May 29, 2017

Adoption Myths That Aren’t True

There are many myths about adoption that simply aren’t true. Spreading lies about adoption skews impressions of what adoption is and how it functions, as well as potentially damaging the expectations of adoptive parents, birth parents, and adoptees. We’re sharing a few with you today to help dispel the falsehoods and illuminate what’s really true.

Myth #1: Birth parents can show up at any time to take the child back.

Truth: While there is a period of time in each state, before the birth mother has signed off her rights, that she may rightfully and legally decide not to go through with the adoption, once those rights have been signed off and the adoption is finalized, no birth parent can come back to claim their child. The only exception to this is if the child was adopted illegally or under false pretenses — even then there is no true system or right to reclamation, but that would fall under a different legal jurisdiction.

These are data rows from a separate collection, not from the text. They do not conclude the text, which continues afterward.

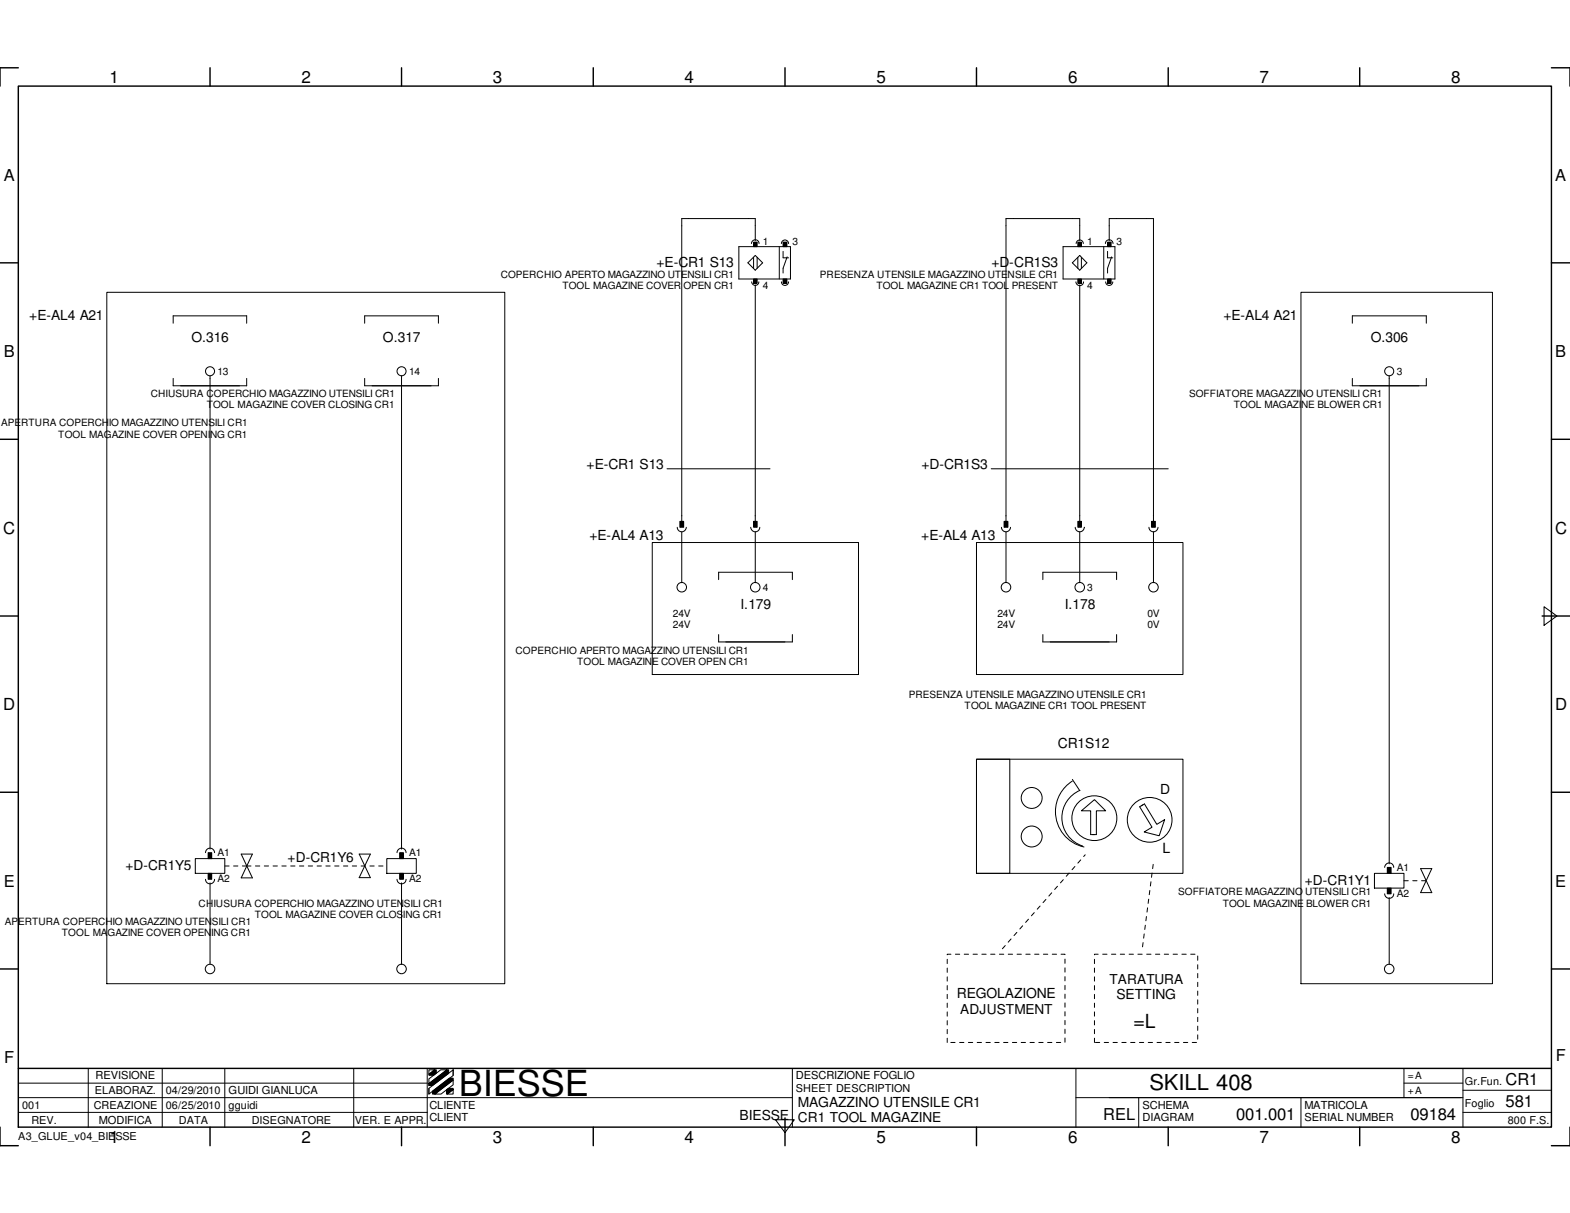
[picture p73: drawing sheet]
<svg xmlns="http://www.w3.org/2000/svg" width="279mm" height="216mm" viewBox="0 0 279 216" stroke-linecap="round" stroke-linejoin="round" font-family="sans-serif">
<defs><g id="words">
<text font-size="6.4" x="81.7" y="195.1">BIESSE</text>
<text font-size="3.9" x="204.6" y="194.1">SKILL 408</text>
<text font-size="3.4" x="201.7" y="182.9">=L</text>
<g font-size="3">
<text x="19.5" y="14.7">1</text>
<text x="53.6" y="14.7">2</text>
<text x="87.7" y="14.7">3</text>
<text x="121.8" y="14.7">4</text>
<text x="156" y="14.7">5</text>
<text x="190.1" y="14.7">6</text>
<text x="224.2" y="14.7">7</text>
<text x="258.2" y="14.7">8</text>
<text x=".6" y="95">C</text>
<text x="276.7" y="95">C</text>
<text x=".6" y="126.4">D</text>
<text x="276.7" y="126.4">D</text>
<text x="267.9" y="197">581</text>
<text x="19.5" y="203.5">1</text>
<text x="53.6" y="203.5">2</text>
<text x="87.7" y="203.5">3</text>
<text x="121.8" y="203.5">4</text>
<text x="156" y="203.5">5</text>
<text x="190.1" y="203.5">6</text>
<text x="220" y="199.3">001.001</text>
<text x="224.2" y="203.5">7</text>
<text x="251" y="199.3">09184</text>
<text x="258.2" y="203.5">8</text>
</g>
<g font-size="2.9">
<text x=".7" y="32.1">A</text>
<text x="276.8" y="32.1">A</text>
<text x=".7" y="63.5">B</text>
<text x="276.8" y="63.5">B</text>
<text x=".7" y="157.9">E</text>
<text x="276.8" y="157.9">E</text>
<text x=".8" y="189.2">F</text>
<text x="276.9" y="188.9">F</text>
<text x="267.9" y="193.1">CR1</text>
<text x="196.3" y="199.3">REL</text>
</g>
<g font-size="2.5">
<text x="116.8" y="47.5">+E-CR1 S13</text>
<text x="176.4" y="47.5">+D-CR1S3</text>
<text x="5.2" y="56.9">+E-AL4 A21</text>
<text x="217.7" y="56.9">+E-AL4 A21</text>
<text x="34.1" y="60.8">O.316</text>
<text x="68.2" y="60.8">O.317</text>
<text x="244" y="60.8">O.306</text>
<text x="104.4" y="83.4">+E-CR1 S13</text>
<text x="164" y="83.4">+D-CR1S3</text>
<text x="104.9" y="96.2">+E-AL4 A13</text>
<text x="164" y="96.2">+E-AL4 A13</text>
<text x="131.8" y="108.5">I.179</text>
<text x="189.5" y="108.5">I.178</text>
<text x="188.3" y="133.2">CR1S12</text>
<text x="206.5" y="141.4">D</text>
<text x="206.9" y="151.9">L</text>
<text x="170.3" y="177.7">REGOLAZIONE</text>
<text x="198.7" y="177.9">SETTING</text>
<text x="142" y="197">MAGAZZINO UTENSILE CR1</text>
<text x="131.6" y="199.3">BIESSE</text>
</g>
<g font-size="2.4">
<text x="22.3" y="154.8">+D-CR1Y5</text>
<text x="51.2" y="153.5">+D-CR1Y6</text>
<text x="232.2" y="157.4">+D-CR1Y1</text>
<text x="197.4" y="175.1">TARATURA</text>
<text x="170.9" y="180.5">ADJUSTMENT</text>
<text x="142" y="199.8">CR1 TOOL MAGAZINE</text>
</g>
<g font-size="2">
<text x="17" y="192.1">REVISIONE</text>
<text x="40.6" y="194.7">GUIDI GIANLUCA</text>
<text x="76.4" y="197.4">CLIENTE</text>
<text x="141.6" y="192.1">DESCRIZIONE FOGLIO</text>
<text x="203.3" y="197.4">SCHEMA</text>
<text x="232.2" y="197.4">MATRICOLA</text>
<text x="17.6" y="200">MODIFICA</text>
<text x="76.4" y="199.6">CLIENT</text>
<text x="203.3" y="199.6">DIAGRAM</text>
<text x="232.2" y="199.6">SERIAL NUMBER</text>
</g>
<g font-size="1.9">
<text x="3.9" y="197.4">001</text>
<text x="16.7" y="197.4">CREAZIONE</text>
<text x="16.9" y="194.7">ELABORAZ.</text>
<text x="29.5" y="194.7">04/29/2010</text>
<text x="29.5" y="197.4">06/25/2010</text>
<text x="40.6" y="197.4">gguidi</text>
<text x="141.6" y="194.4">SHEET DESCRIPTION</text>
<text x="260.7" y="197">Foglio</text>
<text x="260.7" y="193.1">Gr.Fun.</text>
<text x="3.3" y="202.9">A3_GLUE_v04_BIESSE</text>
<text x="5.6" y="200">REV.</text>
<text x="31.8" y="200">DATA</text>
<text x="44.8" y="200">DISEGNATORE</text>
<text x="63.2" y="200">VER. E APPR.</text>
<text x="268.3" y="200">800 F.S.</text>
</g>
<g font-size="1.8">
<text x="135.8" y="43.5">1</text>
<text x="141" y="43.5">3</text>
<text x="193.5" y="43.5">1</text>
<text x="198.7" y="43.5">3</text>
<text x="89.1" y="49.4">COPERCHIO APERTO MAGAZZINO UTENSILI CR1</text>
<text x="100.1" y="51.4">TOOL MAGAZINE COVER OPEN CR1</text>
<text x="135.8" y="51.4">4</text>
<text x="145.9" y="49.4">PRESENZA UTENSILE MAGAZZINO UTENSILE CR1</text>
<text x="156" y="51.4">TOOL MAGAZINE CR1 TOOL PRESENT</text>
<text x="193.5" y="51.4">4</text>
<text x="26.8" y="70.7">CHIUSURA COPERCHIO MAGAZZINO UTENSILI CR1</text>
<text x="38.7" y="66.8">13</text>
<text x="72.8" y="66.8">14</text>
<text x="211.6" y="70.7">SOFFIATORE MAGAZZINO UTENSILI CR1</text>
<text x="248.6" y="66.8">3</text>
<text x=".2" y="75.9">APERTURA COPERCHIO MAGAZZINO UTENSILI CR1</text>
<text x="10.4" y="77.9">TOOL MAGAZINE COVER OPENING CR1</text>
<text x="36.8" y="72.7">TOOL MAGAZINE COVER CLOSING CR1</text>
<text x="219.6" y="72.7">TOOL MAGAZINE BLOWER CR1</text>
<text x="135.8" y="105.2">4</text>
<text x="193.5" y="105.2">3</text>
<text x="119.8" y="109.8">24V</text>
<text x="119.8" y="111.8">24V</text>
<text x="177.5" y="109.8">24V</text>
<text x="177.5" y="111.8">24V</text>
<text x="204.2" y="109.8">0V</text>
<text x="204.2" y="111.8">0V</text>
<text x="91.7" y="116.3">COPERCHIO APERTO MAGAZZINO UTENSILI CR1</text>
<text x="102.7" y="118.3">TOOL MAGAZINE COVER OPEN CR1</text>
<text x="161.7" y="124.2">PRESENZA UTENSILE MAGAZZINO UTENSILE CR1</text>
<text x="171.7" y="126.2">TOOL MAGAZINE CR1 TOOL PRESENT</text>
<text x="38.7" y="152.4">A1</text>
<text x="72.8" y="152.4">A1</text>
<text x="248.6" y="155.1">A1</text>
<text x="35.3" y="161.4">CHIUSURA COPERCHIO MAGAZZINO UTENSILI CR1</text>
<text x="38.7" y="157">A2</text>
<text x="72.8" y="157">A2</text>
<text x="209.7" y="159.4">SOFFIATORE MAGAZZINO UTENSILI CR1</text>
<text x="217.6" y="161.4">TOOL MAGAZINE BLOWER CR1</text>
<text x="248.6" y="159.6">A2</text>
<text x=".8" y="164.6">APERTURA COPERCHIO MAGAZZINO UTENSILI CR1</text>
<text x="11" y="166.6">TOOL MAGAZINE COVER OPENING CR1</text>
<text x="45.3" y="163.4">TOOL MAGAZINE COVER CLOSING CR1</text>
<text x="250.5" y="192.1">=A</text>
<text x="250.5" y="194.7">+A</text>
</g>
</g></defs>
<g fill="none" stroke="#000" stroke-width=".25">
<path d="M3.3 15.3h272.8v185.3h-272.8zM3.3 12.1h-3.3v3.2M37.4 12.1v3.2M71.5 12.1v3.2M105.6 12.1v3.2M139.7 12.1v3.2M173.8 12.1v3.2M207.9 12.1v3.2M242 12.1v3.2M276.1 12.1h3.3v3.2M0 46.8h3.3M276.1 46.8h3.3"/>
<path d="M0 78.2h3.3M276.1 78.2h3.3M0 109.6h3.3M274.4 109.6h5M0 141h3.3M276.1 141h3.3M0 172.5h3.3M276.1 172.5h3.3M3.3 190.2h272.8M139.7 199v4.9M0 200.6v3.3h3.3M37.4 200.6v3.3"/>
<path d="M71.5 200.6v3.3M105.6 200.6v3.3M173.8 200.6v3.3M207.9 200.6v3.3M242 200.6v3.3M279.4 200.6v3.3h-3.3"/>
</g>
<g fill="none" stroke="#000" stroke-width=".18">
<path d="M19 52h70.8v123.1h-70.8zM30.8 57.5v-1.3h13.1v1.3M64.9 57.5v-1.3h13.1v1.3M131.5 43.9h9.2v5.8h-9.2zM133.1 46.8l1.3-1.3 1.3 1.3-1.3 1.3zM133.7 43.3a.68 .68 0 0 1 .7-.6 .68 .68 0 0 1 .7 .6M133.8 50.2a.64 .64 0 0 0 .6 .6 .64 .64 0 0 0 .6-.6M134.1 49.7h.6v.7h-.6zM134.1 43.1h.6v.8h-.6zM134.1 45.8v2M134.4 42.8v-3.9h-13.1v53.9M134.4 50.7v42.1"/>
<path d="M134.7 45.8v2M138.7 43.9v5.8M139.1 43.3a.64 .64 0 0 1 .6-.6 .64 .64 0 0 1 .6 .6M139.1 50.2a.64 .64 0 0 0 .6 .6 .64 .64 0 0 0 .6-.6M139.4 43.1h.6v.8h-.6zM139.4 49.7h.6v.7h-.6zM139.4 44.7v1.2h.9M140.1 45.7l-.7 2.1v.8M189.2 43.9h9.2v5.8h-9.2zM190.8 46.8l1.4-1.3 1.2 1.3-1.2 1.3zM191.5 50.2a.68 .68 0 0 0 .7 .6 .68 .68 0 0 0 .6-.6M191.5 43.3a.63 .63 0 0 1 .7-.6 .63 .63 0 0 1 .6 .6"/>
<path d="M191.8 49.7h.6v.7h-.6zM191.8 43.1h.6v.8h-.6zM191.8 45.8v2M192.2 42.8v-3.9h-13.2v53.9M192.2 50.7v42.1M192.4 45.8v2M196.4 43.9v5.8M196.7 43.3a.68 .68 0 0 1 .7-.6 .68 .68 0 0 1 .7 .6M196.8 50.2a.63 .63 0 0 0 .6 .6 .63 .63 0 0 0 .6-.6M197.1 43.1h.6v.8h-.6zM197.1 49.7h.6v.7h-.6zM197.1 44.7v1.2h.9"/>
<path d="M197.4 42.8v-3.9h7.9v53.9M197.8 45.7l-.7 2.1v.8M231.5 52h34.1v123.1h-34.1zM240.7 57.5v-1.3h13.1v1.3M30.8 67.4v1.3h13.1v-1.3M37.4 66.9v84.2M64.9 67.4v1.3h13.1v-1.3M71.5 66.9v84.2M240.7 67.4v1.3h13.1v-1.3M247.2 66.9v86.9M116.1 96.6h36.7v23.5h-36.7zM118.7 83.4h18.3"/>
<path d="M120.5 93.9a.8 .8 0 0 0 .8 .8 .8 .8 0 0 0 .8-.8M121 92.8h.7v1.1h-.7zM121.3 94.7v9M133.6 93.9a.8 .8 0 0 0 .8 .8 .8 .8 0 0 0 .8-.8M134.1 92.8h.6v1.1h-.6zM134.4 94.7v9M173.8 96.6h36.7v23.5h-36.7zM176.4 83.4h31.5M178.2 93.9a.8 .8 0 0 0 .8 .8 .8 .8 0 0 0 .8-.8M178.7 92.8h.7v1.1h-.7zM179 94.7v9M191.3 93.9a.83 .83 0 0 0 .9 .7 .83 .83 0 0 0 .8-.7"/>
<path d="M191.8 92.8h.6v1.1h-.6zM192.2 94.7v9M204.5 93.9a.8 .8 0 0 0 .8 .8 .8 .8 0 0 0 .8-.8M204.9 92.8h.7v1.1h-.7zM205.3 94.7v9M127.9 103.2v-1.3h13.1v1.3M127.9 112.9v1.4h13.1v-1.4M185.6 103.2v-1.3h13.1v1.3M185.6 112.9v1.4h13.1v-1.4M274.8 108l2.3 1.6-2.3 1.7zM173.8 135.1h36.7v20.3h-36.7zM173.8 135.1h5.9v20.3h-5.9z"/>
<path d="M190.8 139a6.4 6.4 0 0 0-2.9 6.6 6.4 6.4 0 0 0 5 5.1M190.8 138.7l1.4 2M34.8 152.8h5.2v2.6h-5.2zM36.6 151.8a.8 .8 0 0 1 .8-.8 .8 .8 0 0 1 .8 .8M36.6 156.5a.8 .8 0 0 0 .8 .8 .8 .8 0 0 0 .8-.8M37 151.8h.7v1h-.7zM37 155.4h.7v1.1h-.7zM37.4 157.1v14.6M42.9 152l2 4.3h-2l2-4.3zM63.9 152h2l-2 4.2h2zM68.8 152.8h5.3v2.6h-5.3zM70.7 151.8a.8 .8 0 0 1 .8-.8 .8 .8 0 0 1 .8 .8"/>
<path d="M70.7 156.5a.8 .8 0 0 0 .8 .8 .8 .8 0 0 0 .8-.8M71.1 151.8h.7v1h-.7zM71.1 155.4h.7v1.1h-.7zM71.5 157.1v14.6M192.2 140.7a5.3 5.3 0 0 0-3.2 5.1 5.3 5.3 0 0 0 3.7 4.8M192.4 144.3l2.4-2 2 2h-1.7v4.2h-1v-4.2zM202.8 143.6l.9-.5 2.2 3.6 1.4-.8-1 2.9-2.7-.7 1.4-.9zM244.6 155.4h5.3v2.7h-5.3zM246.4 154.4a.8 .8 0 0 1 .8-.8 .8 .8 0 0 1 .8 .8M246.4 159.1a.8 .8 0 0 0 .8 .8 .8 .8 0 0 0 .8-.8M246.9 154.4h.7v1h-.7zM246.9 158.1h.7v1h-.7z"/>
<path d="M247.2 159.8v11.9M252.8 154.6l2 4.3h-2l2-4.3zM3.3 195.4h137.7M3.3 198h72.7M3.3 192.8h72.7M15.7 190.2v10.4M28.9 190.2v10.4M40 190.2v10.4M62.9 190.2v10.4M76 190.2v10.4M76.3 192.9l3.2-2.5h.3v.7l-2.8 2.1h-.7zM76.3 191.2l1-.8h.3v.6l-.4 .4h-.9z"/>
<path d="M76.3 193.7l4.3-3.3v1l-4.3 3.3zM76.3 192l2.1-1.6h1.1l-3.2 2.5zM76.3 190.4h1l-1 .8zM76.3 192.9v.4M76.3 193.7v1M77 194.2l3-2.3h.6v.3l-3.2 2.5h-.4zM77.4 194.7l3.2-2.5v.9l-2.1 1.6zM79.5 194l.3-.3h.8v.2l-1 .8h-.1zM79.6 194.7l1-.8v.8zM80.6 190.4v1M138 199.3h3.4l-1.7 2.3zM141 190.2v10.4"/>
<path d="M191.5 195.4h68.8M191.5 190.2v10.4M202.6 195.4v5.2M231.5 195.4v5.2M249.9 192.8h10.4M249.9 190.2v5.2M260.3 190.2v10.4M260.3 198h15.8M260.3 194.1h15.8"/>
<circle cx="37.4" cy="66.1" r=".81"/>
<circle cx="71.5" cy="66.1" r=".8"/>
<circle cx="247.2" cy="66.1" r=".8"/>
<circle cx="121.3" cy="104.5" r=".85"/>
<circle cx="134.4" cy="104.5" r=".85"/>
<circle cx="179" cy="104.5" r=".85"/>
<circle cx="192.2" cy="104.5" r=".85"/>
<circle cx="205.3" cy="104.5" r=".85"/>
<circle cx="183.6" cy="142" r="1.86"/>
<circle cx="183.6" cy="148.9" r="1.86"/>
<circle cx="194.8" cy="145.6" r="4"/>
<circle cx="204.6" cy="145.9" r="4"/>
<circle cx="37.4" cy="172.5" r=".85"/>
<circle cx="71.5" cy="172.5" r=".85"/>
<circle cx="247.2" cy="172.5" r=".85"/>
</g>
<g fill="#000">
<path d="M134.1 49.7h.6v.7h-.6z" fill-rule="evenodd"/>
<path d="M134.1 43.1h.6v.8h-.6z" fill-rule="evenodd"/>
<path d="M139.4 43.1h.6v.8h-.6z" fill-rule="evenodd"/>
<path d="M139.4 49.7h.6v.7h-.6z" fill-rule="evenodd"/>
<path d="M191.8 49.7h.6v.7h-.6z" fill-rule="evenodd"/>
<path d="M191.8 43.1h.6v.8h-.6z" fill-rule="evenodd"/>
<path d="M197.1 43.1h.6v.8h-.6z" fill-rule="evenodd"/>
<path d="M197.1 49.7h.6v.7h-.6z" fill-rule="evenodd"/>
<path d="M121 92.8h.7v1.1h-.7z" fill-rule="evenodd"/>
<path d="M134.1 92.8h.6v1.1h-.6z" fill-rule="evenodd"/>
<path d="M178.7 92.8h.7v1.1h-.7z" fill-rule="evenodd"/>
<path d="M191.8 92.8h.6v1.1h-.6z" fill-rule="evenodd"/>
<path d="M204.9 92.8h.7v1.1h-.7z" fill-rule="evenodd"/>
<path d="M37 151.8h.7v1h-.7z" fill-rule="evenodd"/>
<path d="M37 155.4h.7v1.1h-.7z" fill-rule="evenodd"/>
<path d="M71.1 151.8h.7v1h-.7z" fill-rule="evenodd"/>
<path d="M71.1 155.4h.7v1.1h-.7z" fill-rule="evenodd"/>
<path d="M246.9 154.4h.7v1h-.7z" fill-rule="evenodd"/>
<path d="M246.9 158.1h.7v1h-.7z" fill-rule="evenodd"/>
<path d="M76.3 191.2l1-.8h.3v.6l-.4 .4h-.9z" fill-rule="evenodd"/>
<path d="M77 194.2l3-2.3h.6v.3l-3.2 2.5h-.4z" fill-rule="evenodd"/>
<path d="M76.3 192.9l3.2-2.5h.3v.7l-2.8 2.1h-.7z" fill-rule="evenodd"/>
<path d="M79.5 194l.3-.3h.8v.2l-1 .8h-.1z" fill-rule="evenodd"/>
</g>
<path d="M40 154.1h3.9M43.9 154.1h24.9M249.9 156.8h3.9M178.4 168.9l14.7-16.8M203.3 168.5l2-15M168.6 185.5v-15.7h20.9v15.7h-20.9M194.8 185.5v-15.7h18.3v15.7h-18.3" fill="none" stroke="#000" stroke-width=".18" stroke-dasharray=".8 .8"/>
<use href="#words"/>
</svg>

Myth #2: Adoptions take forever to complete

Truth: While the general time span is 1-2 years, adoptions can happen in as quickly as one day or a couple months—it just depends on your situation.

Myth #3: Adopted children can’t be loved the same as biological children.

Truth: You ask any adoptive parent and see what they say about this.* Incredibly, deeply, profoundly false.

*Note: what is also not a myth is that it’s actually quite rude to ask this to an adoptive parent. If you are a prospective adoptive parent and this is something you fear, it’s one thing to express that fear to someone who has adopted so you can get their feedback. But straight-up asking an adoptive parent if the love they have for their child is the same as a biological parent’s is never okay.

Myth #4: Adopted children thrive best with heterosexual parents.

Truth: There is no study, no proof, and no evidence to suggest that adopted children do not thrive beautifully among a diverse array of family situations. In fact, a recent study suggests just the opposite: there is no emotional or physical difference between children of same-sex and heterosexual parents. Just as biological children grow up in myriad different types of homes, and turn out in all sorts of different and wonderful ways, adopted children thrive and exist in the same manner.

Myth #5: You can only adopt a child who is the same ethnicity as you.

Truth: This couldn’t be further from the truth! If you are willing to bring a child into your home and love them, and take care of them and make them your child for life, then there is no limit on who that child can be, where they come from, or how different — physically, ethnically or otherwise — they seemingly are from you. That is the beauty of adoption…every one has the opportunity to become part of the family they deserve. And there is no discrimination in that.